Introduction to Applied Tree-based Models

Summary

Learn how to use tree-based models to solve complex supervised learning problems.

Description

In this course, you’ll learn how to solve complex supervised learning problems using tree-based models. First, we’ll explain how decision trees can be used to identify complex relationships in data. Then, we’ll show you how to develop a random forest model to build upon decision trees and improve model generalization. Finally, we’ll introduce you to various techniques that you can use to account for class imbalances in a dataset.
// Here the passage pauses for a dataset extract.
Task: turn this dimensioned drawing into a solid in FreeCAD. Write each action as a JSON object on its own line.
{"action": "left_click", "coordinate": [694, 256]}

Throughout the course, you’ll have the opportunity to practice concepts learned in hands-on labs.

Learning objectives

  • Describe how decision trees are used to solve supervised learning problems.

  • Identify complex relationships in data using decision trees.
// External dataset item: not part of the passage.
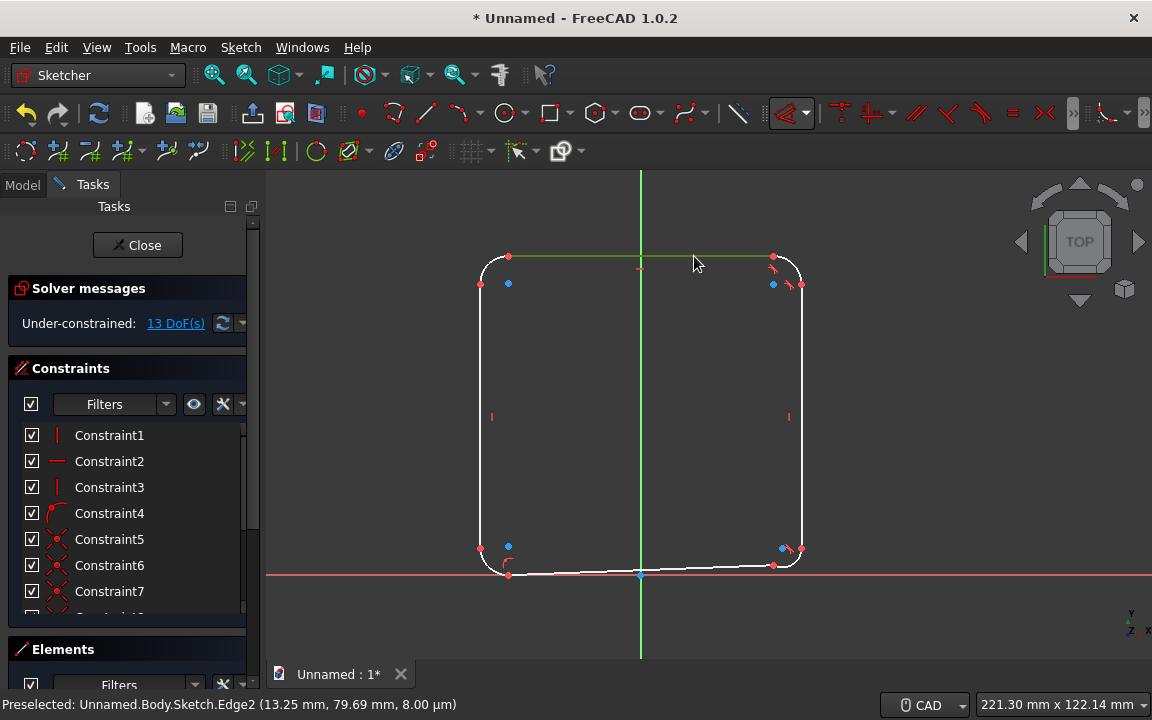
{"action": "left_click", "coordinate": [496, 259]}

  • Develop a random forest model to build upon decision trees and improve model generalization.

  • Employ common techniques to account for class imbalances in a dataset.

Prerequisites

  • Intermediate level knowledge about machine learning/machine learning workflows (feature engineering and selection, applying tree-based models, etc.)

  • We recommend that you take the following courses prior to taking this course: Fundamentals of Machine Learning, Introduction to Feature Engineering and Selection with Databricks, Applied Unsupervised Learning with Databricks.

Learning path

  • This course is part of the Data Scientist learning path.

Proof of completion

  • Upon 80% completion of this course, you will receive a proof of completion.